Explainer: Difference between contravention, délit and crime in France

We walk through how crimes are classified and tried in the French legal system where only the most serious have a jury

The classification in France of what in the UK are lumped together as criminal offences falls into three categories: contraventions, délits and crimes. We explain key differences.


These cannot lead to prison and are divided into five classes with fines ranging from €38 (first class, the lowest) to €1,500, or €3,000 for a second offence.

Most are dealt with by fixed penalties – speeding fines, for example, but in the case of disputes they are dealt with by lower courts, called tribunal de police.

There is a single judge and the state is represented by someone from the departmental procureur de la République’s office. A greffier (clerk) records proceedings and keeps paperwork.

Most cases are dealt with behind closed doors without the accused necessarily being present.

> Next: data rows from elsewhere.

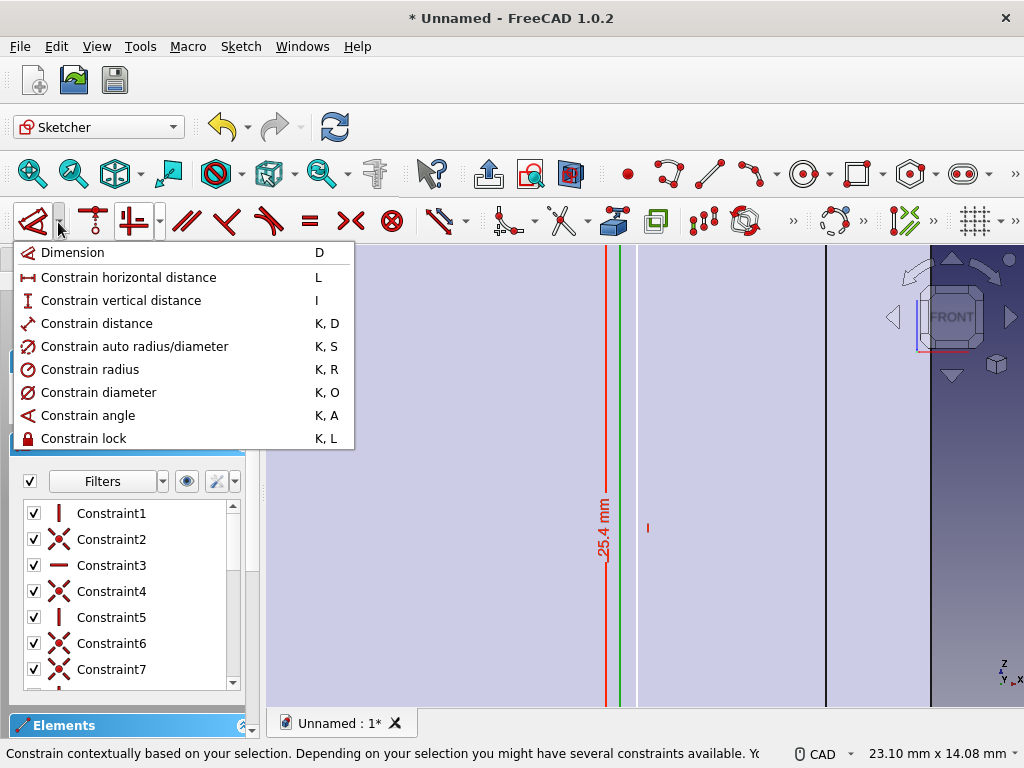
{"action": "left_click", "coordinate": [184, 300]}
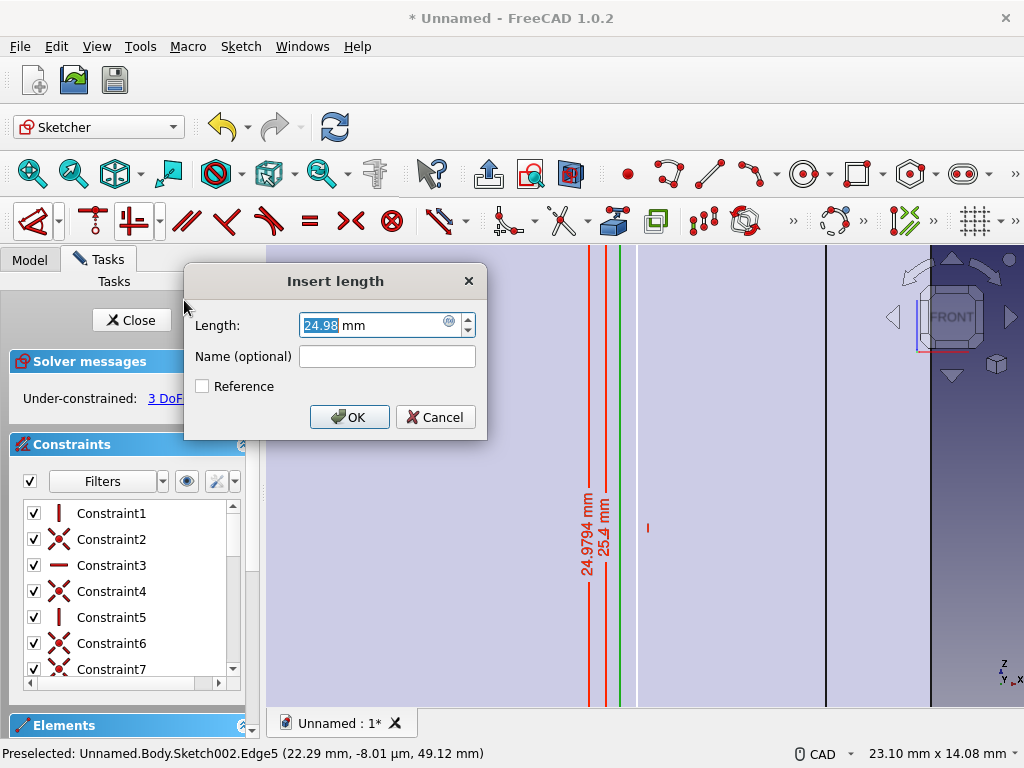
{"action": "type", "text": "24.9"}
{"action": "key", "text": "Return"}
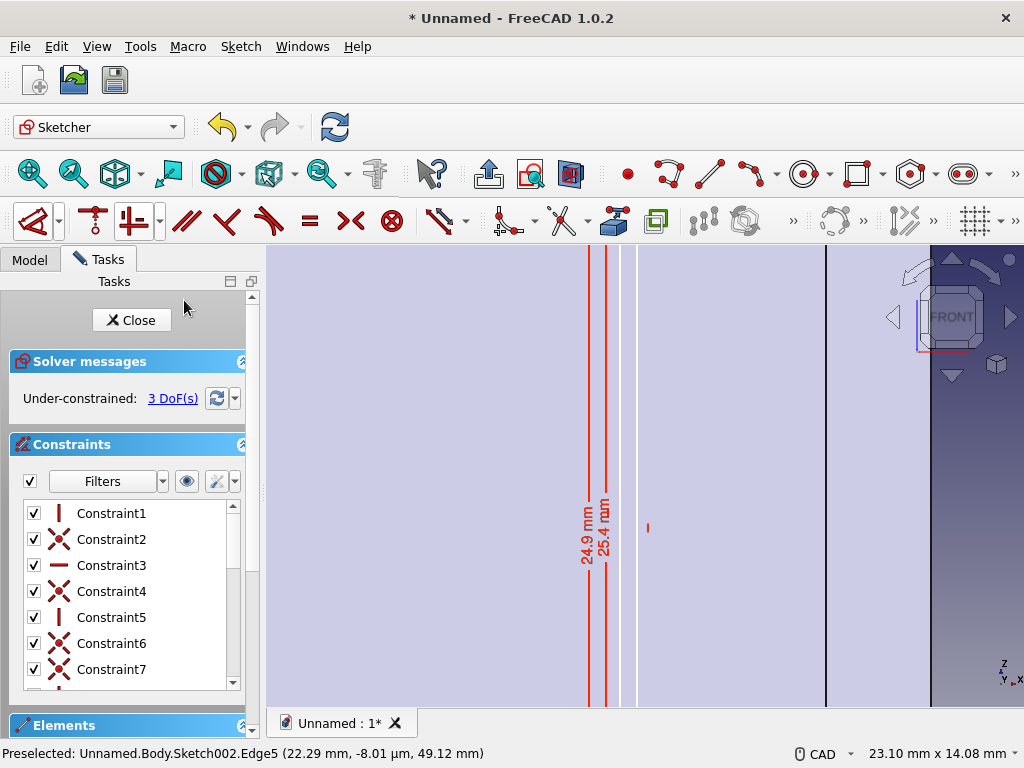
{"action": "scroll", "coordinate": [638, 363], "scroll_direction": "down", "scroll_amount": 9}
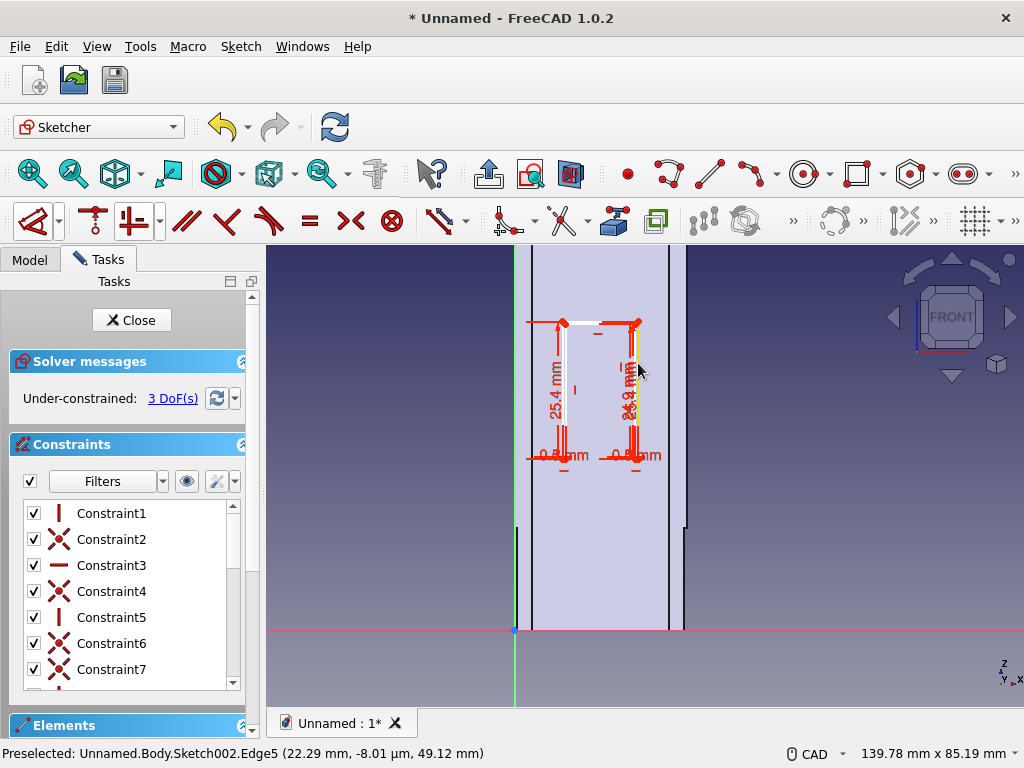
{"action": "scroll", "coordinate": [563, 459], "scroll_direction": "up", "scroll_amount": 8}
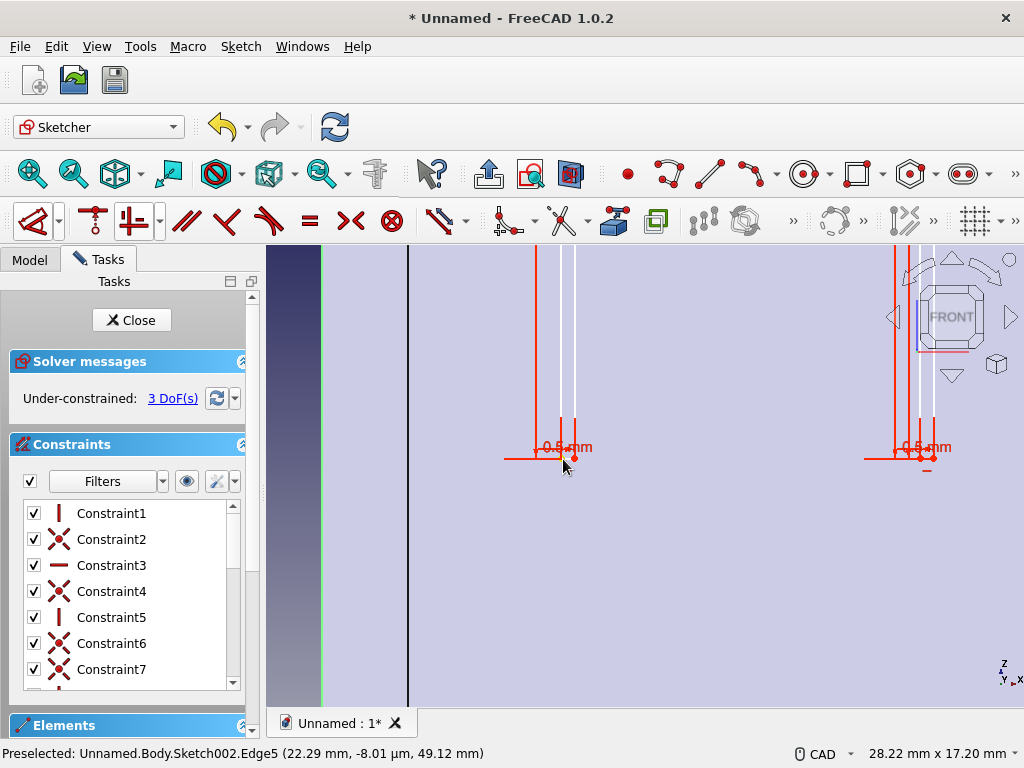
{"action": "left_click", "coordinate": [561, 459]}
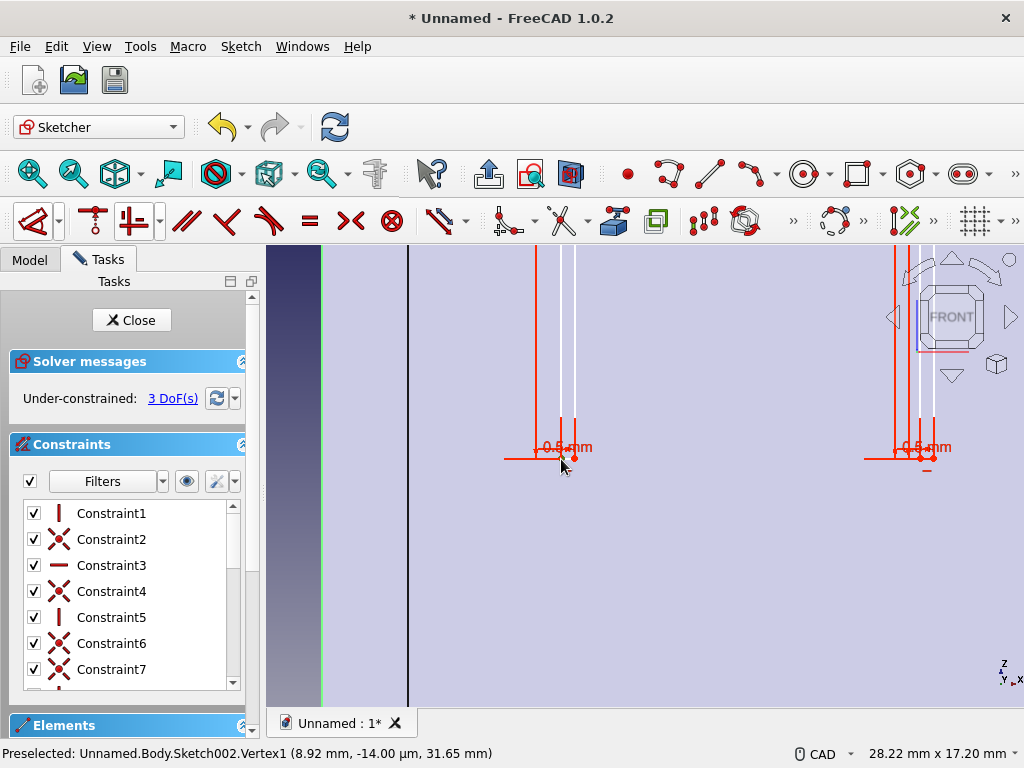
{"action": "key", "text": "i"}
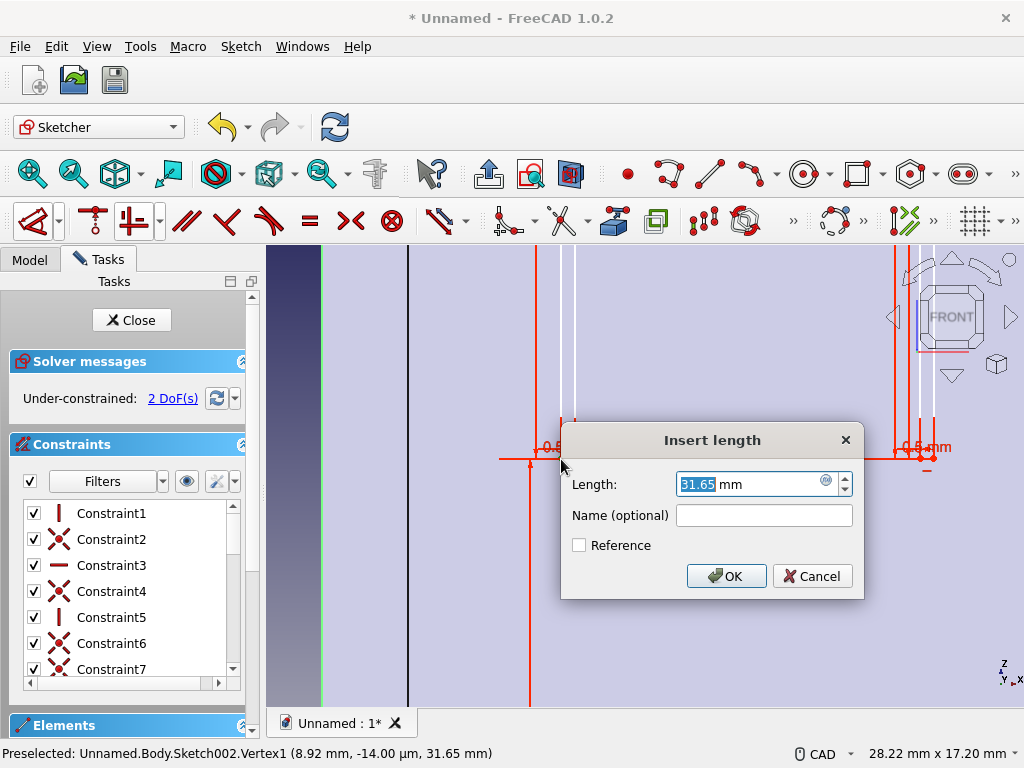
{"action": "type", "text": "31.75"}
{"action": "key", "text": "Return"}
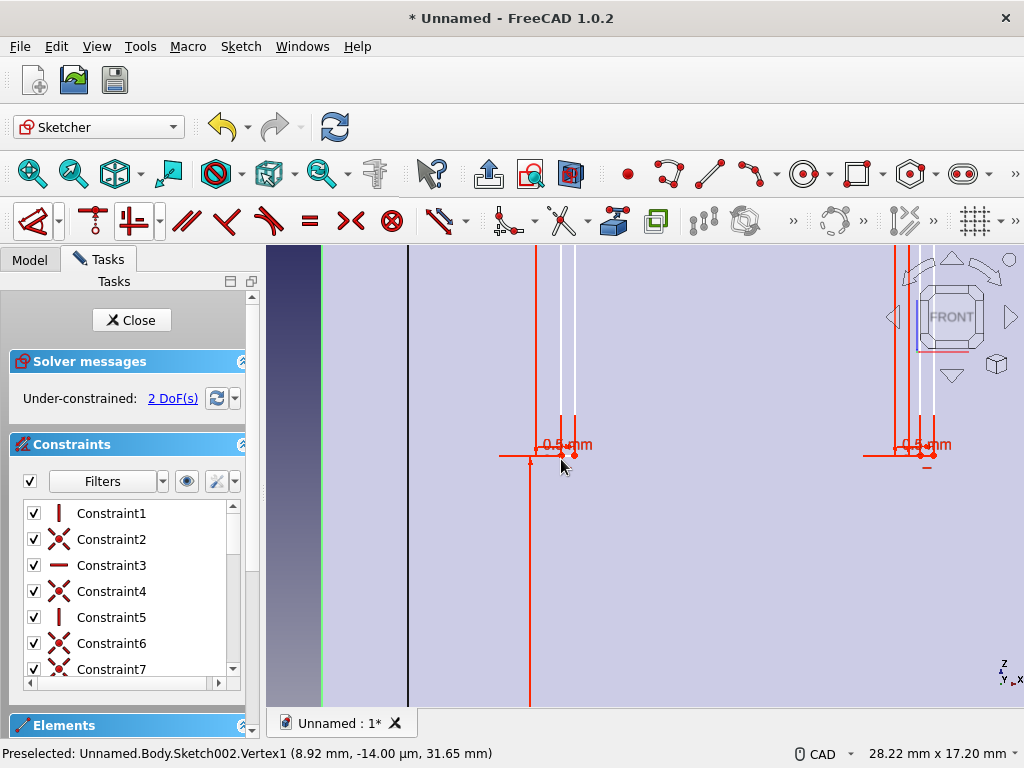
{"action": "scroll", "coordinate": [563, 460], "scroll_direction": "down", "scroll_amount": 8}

Punishments include fines, confiscating driving licences, bans on keeping firearms and orders to repair damage or to attend training such as road safety classes.

Read more: Does France have unmarked radar cars to catch people speeding?


These can lead to prison but in practice they are usually suspended for first offences or turned into electronic bracelet surveillance if for less than a year.

Maximum prison terms range from two months to 10 years. Fines are a minimum of €3,750.

Courts hearing délits are called tribunal correctionnel, and can be presided over by a single judge, or a judge with two assessors.

The accused usually has to appear and in extreme cases can be sent to jail from court.

A separate judge supervises sentences.

Read more: Free help for crime victims in France including foreign nationals


These most serious offences, notably murder and rape, are tried by a cour criminelle if the offence committed has a maximum jail term of between 15 and 20 years or by a cour d’assises for crimes with sentences longer than 20 years.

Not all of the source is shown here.